For another worker it looks like this:

Mai 08 21:25:15 openqaworker6 worker[33863]: [info] [pid:33863] Registering with openQA openqa.suse.de 
Mai 08 21:25:16 openqaworker6 worker[33863]: [info] [pid:33863] Establishing ws connection via ws://openqa.suse.de/api/v1/ws/954 
Mai 08 21:30:16 openqaworker6 worker[33863]: [warn] [pid:33863] Unable to upgrade to ws connection via http://openqa.suse.de/api/v1/ws/954, code 502 - trying again in 10 seconds 
Mai 08 21:30:26 openqaworker6 worker[33863]: [info] [pid:33863] Registering with openQA openqa.suse.de 
Mai 08 21:30:26 openqaworker6 worker[33863]: [info] [pid:33863] Establishing ws connection via ws://openqa.suse.de/api/v1/ws/954 
Mai 08 21:30:54 openqaworker6 worker[33863]: [info] [pid:33863] Registered and connected via websockets with openQA host openqa.suse.de and worker ID 954 
Mai 09 03:26:13 openqaworker6 worker[33863]: [warn] [pid:33863] Worker cache not available: Cache service queue already full (10) - checking again for web UI 'openqa.suse.de' in 100.00 s 
Mai 09 03:27:53 openqaworker6 worker[33863]: [warn] [pid:33863] Worker cache not available: Cache service queue already full (10) - checking again for web UI 'openqa.suse.de' in 100.00 s 
Mai 09 03:29:33 openqaworker6 worker[33863]: [warn] [pid:33863] Worker cache not available: Cache service queue already full (10) - checking again for web UI 'openqa.suse.de' in 100.00 s 
Mai 09 03:31:13 openqaworker6 worker[33863]: [warn] [pid:33863] Worker cache not available: Cache service queue already full (10) - checking again for web UI 'openqa.suse.de' in 100.00 s 
Mai 09 05:51:20 openqaworker6 worker[33863]: [warn] [pid:33863] Worker cache not available: Cache service queue already full (10) - checking again for web UI 'openqa.suse.de' in 100.00 s 
Mai 09 05:53:00 openqaworker6 worker[33863]: [warn] [pid:33863] Worker cache not available: Cache service queue already full (10) - checking again for web UI 'openqa.suse.de' in 100.00 s 
Mai 09 05:54:40 openqaworker6 worker[33863]: [warn] [pid:33863] Worker cache not available: Cache service queue already full (10) - checking again for web UI 'openqa.suse.de' in 100.00 s 
Mai 09 05:58:00 openqaworker6 worker[33863]: [warn] [pid:33863] Worker cache not available: Cache service queue already full (10) - checking again for web UI 'openqa.suse.de' in 100.00 s 
Mai 09 05:59:41 openqaworker6 worker[33863]: [warn] [pid:33863] Worker cache not available: Cache service queue already full (10) - checking again for web UI 'openqa.suse.de' in 100.00 s

The worker shows nevertheless up as "idle" (and not as "broken").
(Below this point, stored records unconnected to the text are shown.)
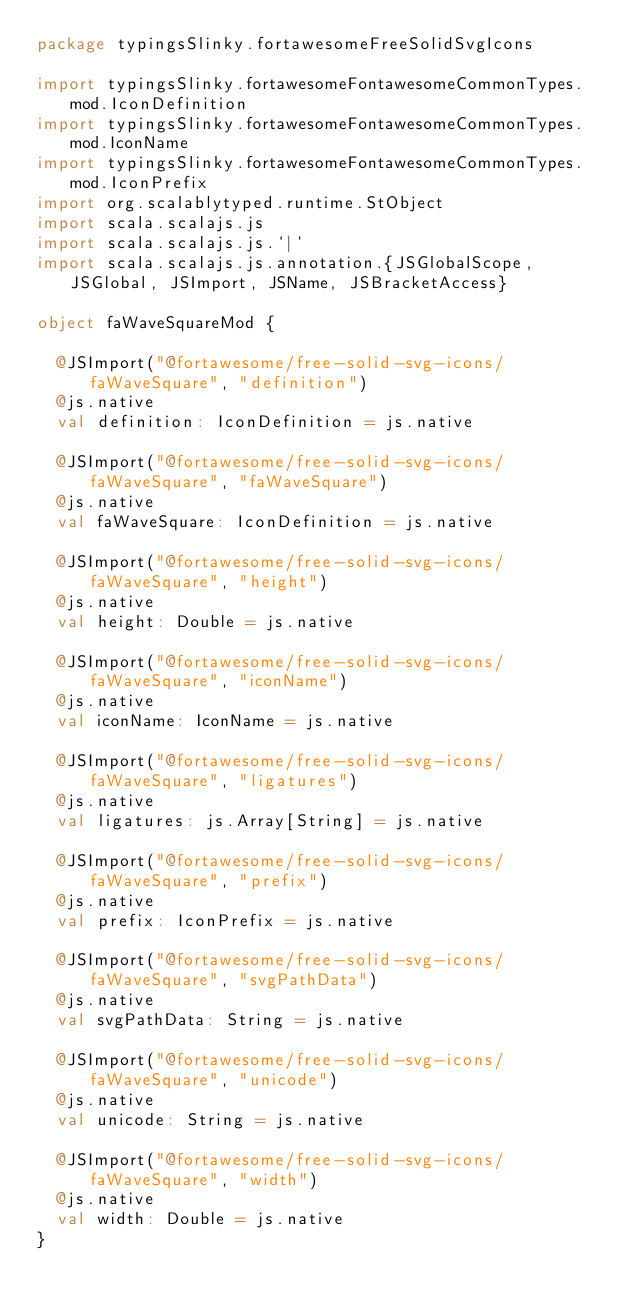<code> <loc_0><loc_0><loc_500><loc_500><_Scala_>package typingsSlinky.fortawesomeFreeSolidSvgIcons

import typingsSlinky.fortawesomeFontawesomeCommonTypes.mod.IconDefinition
import typingsSlinky.fortawesomeFontawesomeCommonTypes.mod.IconName
import typingsSlinky.fortawesomeFontawesomeCommonTypes.mod.IconPrefix
import org.scalablytyped.runtime.StObject
import scala.scalajs.js
import scala.scalajs.js.`|`
import scala.scalajs.js.annotation.{JSGlobalScope, JSGlobal, JSImport, JSName, JSBracketAccess}

object faWaveSquareMod {
  
  @JSImport("@fortawesome/free-solid-svg-icons/faWaveSquare", "definition")
  @js.native
  val definition: IconDefinition = js.native
  
  @JSImport("@fortawesome/free-solid-svg-icons/faWaveSquare", "faWaveSquare")
  @js.native
  val faWaveSquare: IconDefinition = js.native
  
  @JSImport("@fortawesome/free-solid-svg-icons/faWaveSquare", "height")
  @js.native
  val height: Double = js.native
  
  @JSImport("@fortawesome/free-solid-svg-icons/faWaveSquare", "iconName")
  @js.native
  val iconName: IconName = js.native
  
  @JSImport("@fortawesome/free-solid-svg-icons/faWaveSquare", "ligatures")
  @js.native
  val ligatures: js.Array[String] = js.native
  
  @JSImport("@fortawesome/free-solid-svg-icons/faWaveSquare", "prefix")
  @js.native
  val prefix: IconPrefix = js.native
  
  @JSImport("@fortawesome/free-solid-svg-icons/faWaveSquare", "svgPathData")
  @js.native
  val svgPathData: String = js.native
  
  @JSImport("@fortawesome/free-solid-svg-icons/faWaveSquare", "unicode")
  @js.native
  val unicode: String = js.native
  
  @JSImport("@fortawesome/free-solid-svg-icons/faWaveSquare", "width")
  @js.native
  val width: Double = js.native
}
</code> 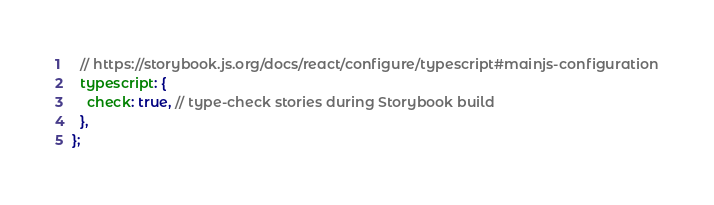Convert code to text. <code><loc_0><loc_0><loc_500><loc_500><_JavaScript_>  // https://storybook.js.org/docs/react/configure/typescript#mainjs-configuration
  typescript: {
    check: true, // type-check stories during Storybook build
  },
};
</code> 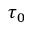<formula> <loc_0><loc_0><loc_500><loc_500>\tau _ { 0 }</formula> 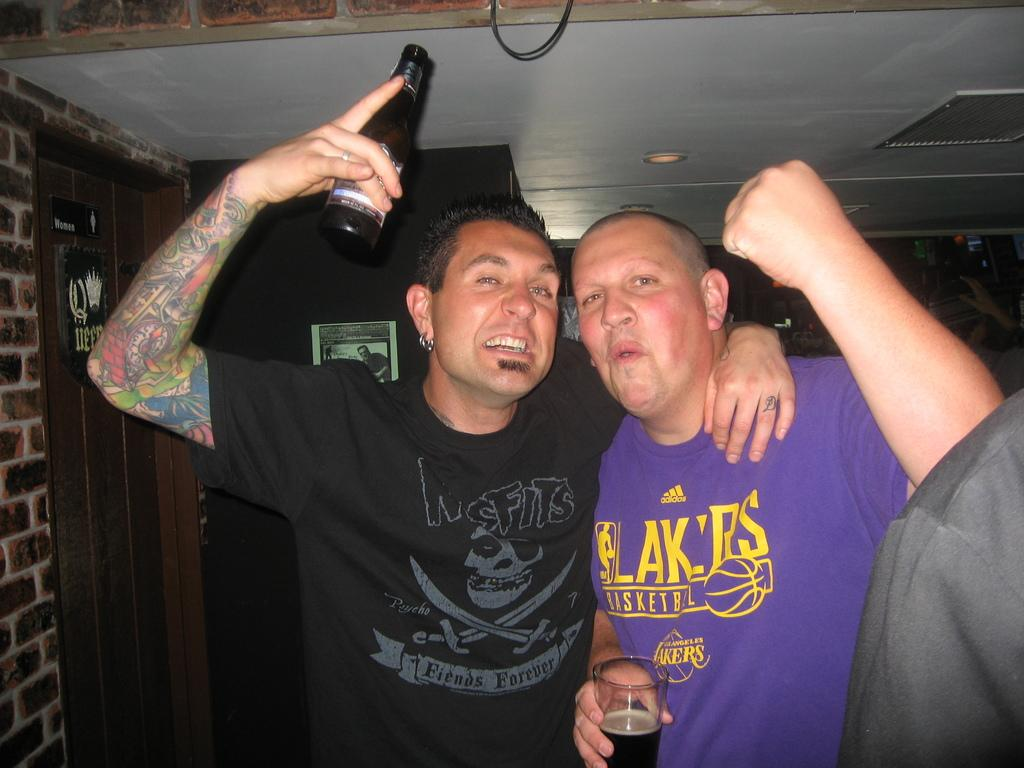What is the main subject of the image? The main subject of the image is a group of people. Can you describe the man on the left side of the image? The man on the left side of the image is holding a beer in his hand. What type of yak can be seen wearing a suit in the image? There is no yak or suit present in the image; it features a group of people, including a man holding a beer.

I suppose that's problematic because it makes it look like the don't assign jobs to an idling worker while it is actually busy downloading. However, when restarting the worker slot it didn't show the cache service error anymore. So maybe it wasn't actually busy with downloading anymore. The restarting also helped in this case to unblock the worker. Considering that only one of the stuck workers shows these "Cache service queue already full" message and that these messages stopped at Mai 09 05:59:41 I would conclude that these messages are unrelated.
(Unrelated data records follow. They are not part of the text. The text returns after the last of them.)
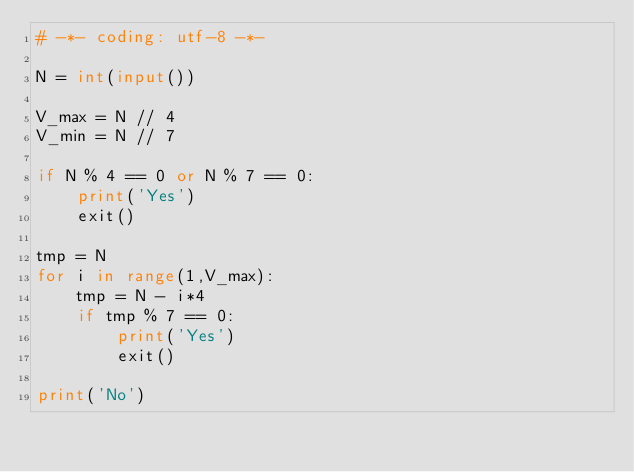<code> <loc_0><loc_0><loc_500><loc_500><_Python_># -*- coding: utf-8 -*-

N = int(input())

V_max = N // 4
V_min = N // 7

if N % 4 == 0 or N % 7 == 0:
    print('Yes')
    exit()

tmp = N
for i in range(1,V_max):
    tmp = N - i*4
    if tmp % 7 == 0:
        print('Yes')
        exit()

print('No')
</code> 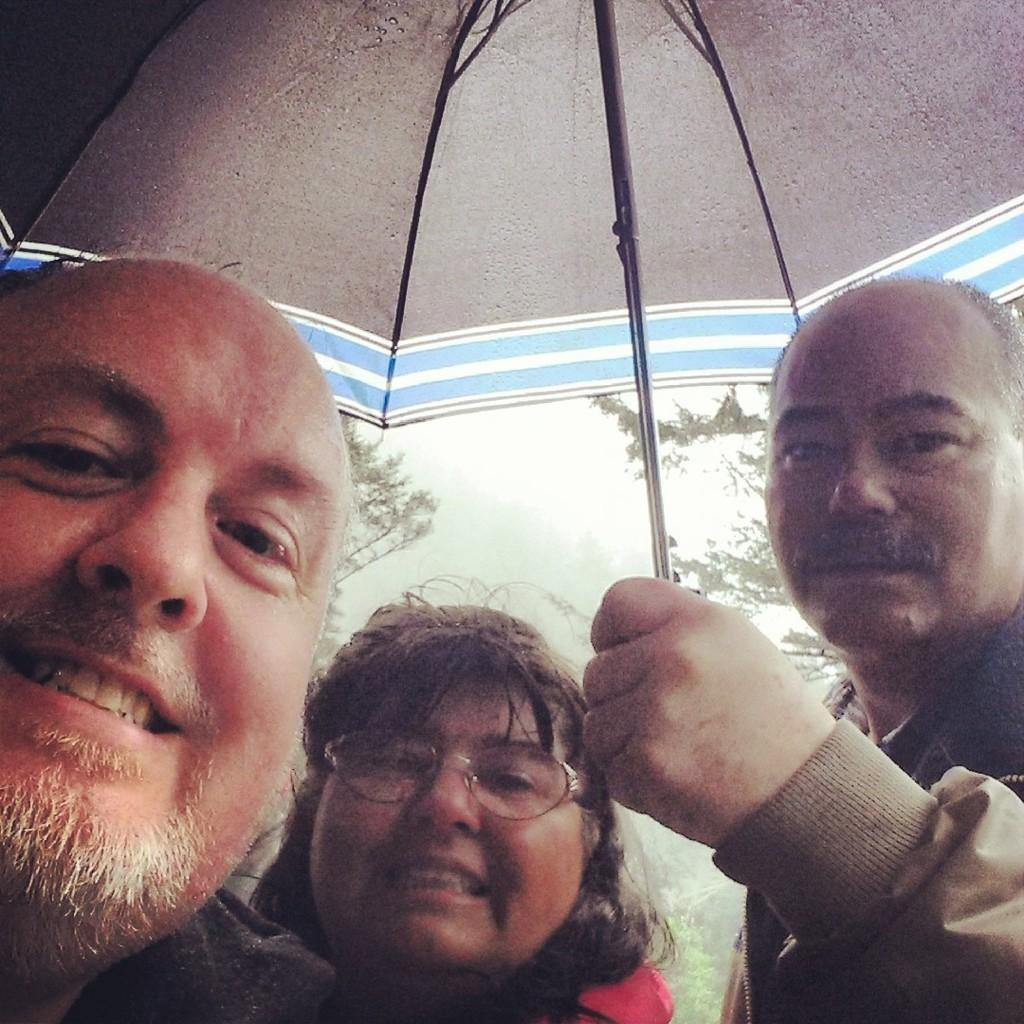How many people are in the image? There are three people in the image. What are the people in the image doing? The three people are taking a photo. Can you describe any objects being held by the people? One of the people is holding an umbrella. What can be seen in the background of the image? There are trees visible in the background of the image. What type of soup is being served at the church in the image? There is no church or soup present in the image; it features three people taking a photo with an umbrella and trees in the background.

Note that restarting such stuck workers via SIGHUP helps as well. So the workers aren't that stuck to not even react to that signal anymore.

Ideas

  • Following the assumption that the worker(s) are at fault
    • Check the code for problems leading to stuck workers after registration
    • Maybe receiving a signal SIGTERM/SIGHUP in the wrong moment can leave the worker in a bad state Definitely not the case, it would have been logged
  • Following the assumption that the scheduler is at fault (seems not so likely at this point of the investigation anymore)
    • Test locally by scheduling something like 100k jobs and see how the scheduler scales
    • Test locally by scheduling many jobs on something like 1k worker instances and see how the scheduler scales
    • Note that there's a unit test for scalability which one might simply invoke with very high numbers for scheduled jobs and available workers
  • It could also be a problem within the websocket server

Mitigation steps conducted

On openqaworker6:

2022-05-09 10:52:08 journalctl -u openqa-worker-auto-restart@20 > openqa_worker_auto_restart_20-$(date +%F).log
2022-05-09 10:52:56 journalctl -u openqa-worker-cacheservice.service > openqa_worker_cacheservice-$(date +%F).log
2022-05-09 10:53:07 journalctl -u openqa-worker-cacheservice-minion.service > openqa_worker_cacheservice_minion-$(date +%F).log
2022-05-09 10:53:26 systemctl restart openqa-worker-cacheservice-minion.service 
2022-05-09 10:55:28 systemctl restart openqa-worker-auto-restart@20
Actions #1

Updated by livdywan almost 2 years ago

  • Description updated (diff)
  • Status changed from New to In Progress
  • Assignee set to mkittler
Actions #2

Updated by mkittler almost 2 years ago

  • Description updated (diff)
Actions #3

Updated by mkittler almost 2 years ago

  • Description updated (diff)
Actions #4

Updated by mkittler almost 2 years ago

  • Description updated (diff)
Actions #5

Updated by mkittler almost 2 years ago

After investigating enough stuck workers I ran salt -C 'G@roles:worker' cmd.run 'systemctl reload openqa-worker-auto-restart@*' which soft-restarts all workers (no running jobs are interfered with). Since a soft-restart (SIGHUP) already helped in all cases I looked at manually I'm sure that this way everything should be back to normal.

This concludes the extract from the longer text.